PhD in in vitro Toxicology, Liverpool John Moores University
|Global Editorial Talent Manager|
Job highlight: Helping recruit our talented editors who aid in disseminating important scientific discoveries.
Postgraduate take-away: Reading has always been a passion of mine. What I really liked doing as a postdoc was reading about exciting discoveries; as an editor this is a large part of the role. It is important to think about what you enjoy about your current role and seek a career that will allow you to explore this further.
What’s your background?
During my undergraduate degree I was fascinated by the intricate workings of gene regulation. I decided to undertake a PhD at Liverpool John Moores University where I looked at using gene regulation as a readout for measuring toxicity. I continued with this theme in my first postdoc but used the skin as a model system. My final postdoc at The UCSF Cancer Center focused on understanding skin cancer in humans.
Why did you move away from academia?
I didn’t really plan to move away from academia. I was trying to apply for my own funding in the UK and write papers. I had a six-month window to fill so applied for a locum position at Nature Protocols. Whilst I didn’t get my own funding, I had already decided that the editorial role was something that I really enjoyed. I could work really hard every day and see the fruits of my labour. I was reading and learning about new methods, expanding my scientific knowledge, and I was also helping researchers to disseminate their protocols; further advancing discovery. There are always many editorial opportunities at Springer Nature; when a permanent position became available at Nature Communications, I jumped at the chance to join the editorial team of a new journal. At the moment, I am on a secondment from Nature Communications; I am working with our Human Resources department on strategies to recruit and train our editorial and publishing staff. I also focus on the career development of our employees.
What is the work like?
As an editor at Nature Communications looking after primary research papers, my job was to read papers and decide whether I thought they met the editorial threshold of the journal. I’d use my knowledge of the field and the journal to reach my editorial decision. For suitable papers, I’d organise the peer review process, interpret the reviewer’s comments and communicate with the authors. Editors also commission review articles, both at our research journals and our dedicated reviews journals. Editors travel to conferences to keep up to date with the latest advances in their field and visit institutes to meet with potential authors,encouraging them to submit their work to us, or commissioning content. Our editors find that this is a really rewarding way to use their knowledge, stay close to science and further expand their network within their community.

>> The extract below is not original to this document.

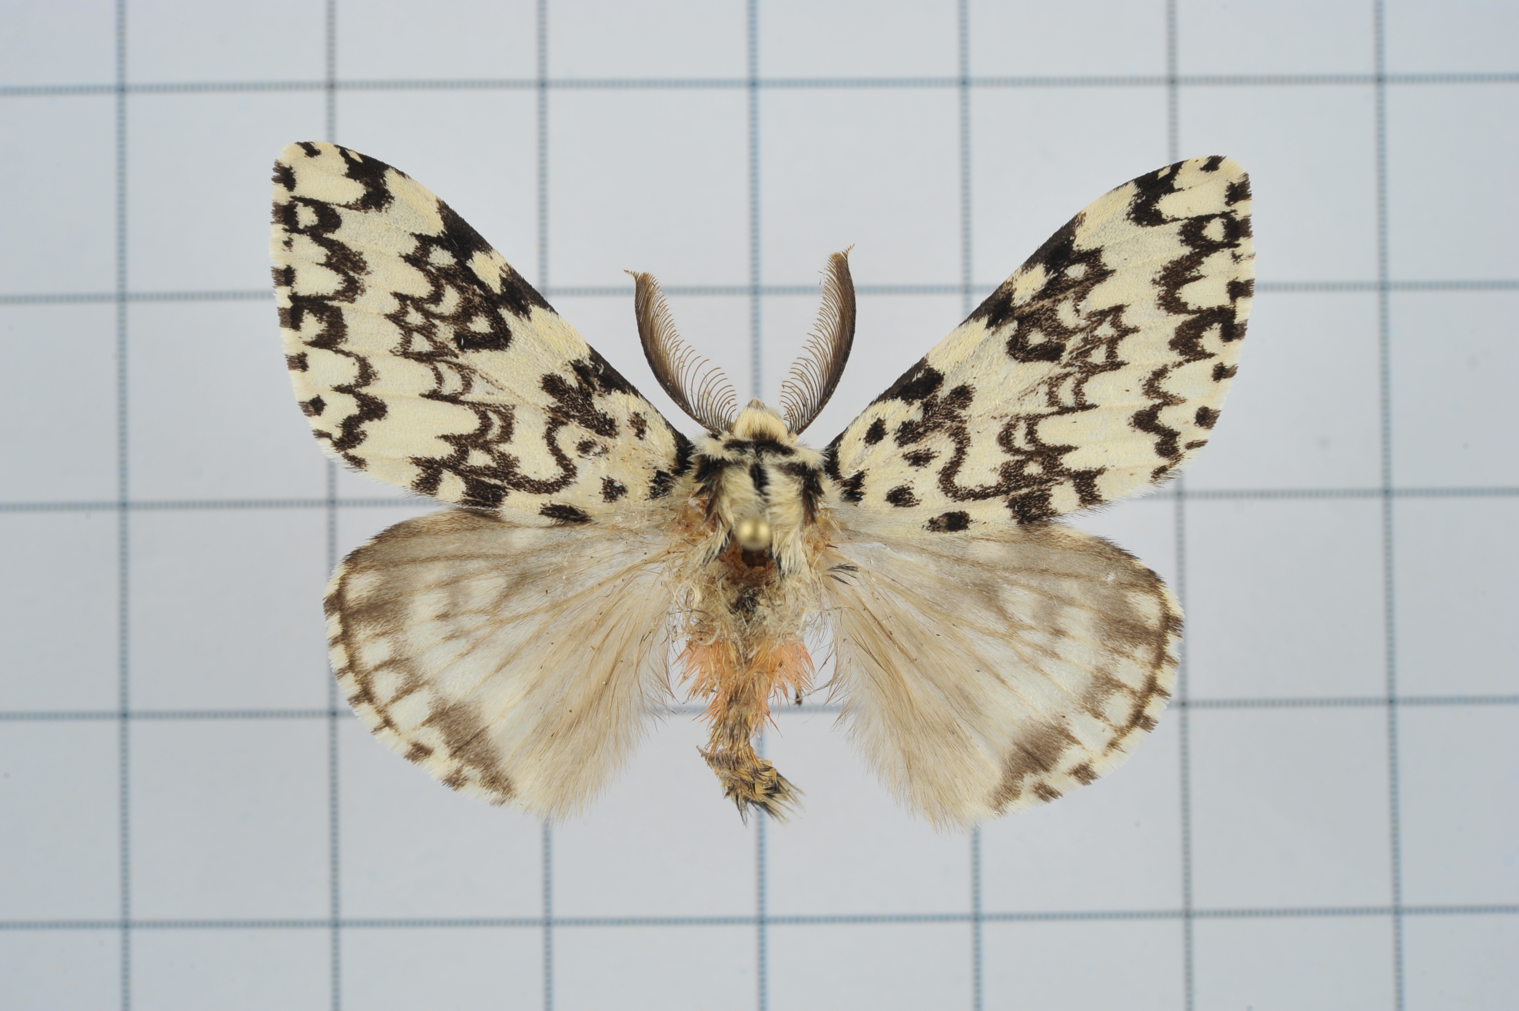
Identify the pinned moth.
Lymantria concolor concolor

What’s the best part of your work?
Aside from having access to the most exciting discoveries in my research field, the best part of my work has been helping other people. I have always really enjoyed assisting authors in publishing their work, helping them to make the most of their papers. In my current job, it’s great to try and match candidates to their perfect role and I’m always happy to provide advice to students and researchers on editorial and publishing careers.
How did you prepare for the work at Springer Nature?
People ask me how they can prepare for an editorial career at our journals. I always suggest that researchers get involved in the submission and peer review of their own papers. Help write the cover letter, use the submission system and read the letters you receive from the journal, whether the outcome is positive or not. If your supervisor peer reviews papers for a journal, ask if you can get involved (they would need to ask permission from the editor). Being really familiar with the peer review process can help understand what it is that we do as editors. This is with the caveat that our job as an editor is different to that of a reviewer.
Do you have any advice for current graduate students and postdocs?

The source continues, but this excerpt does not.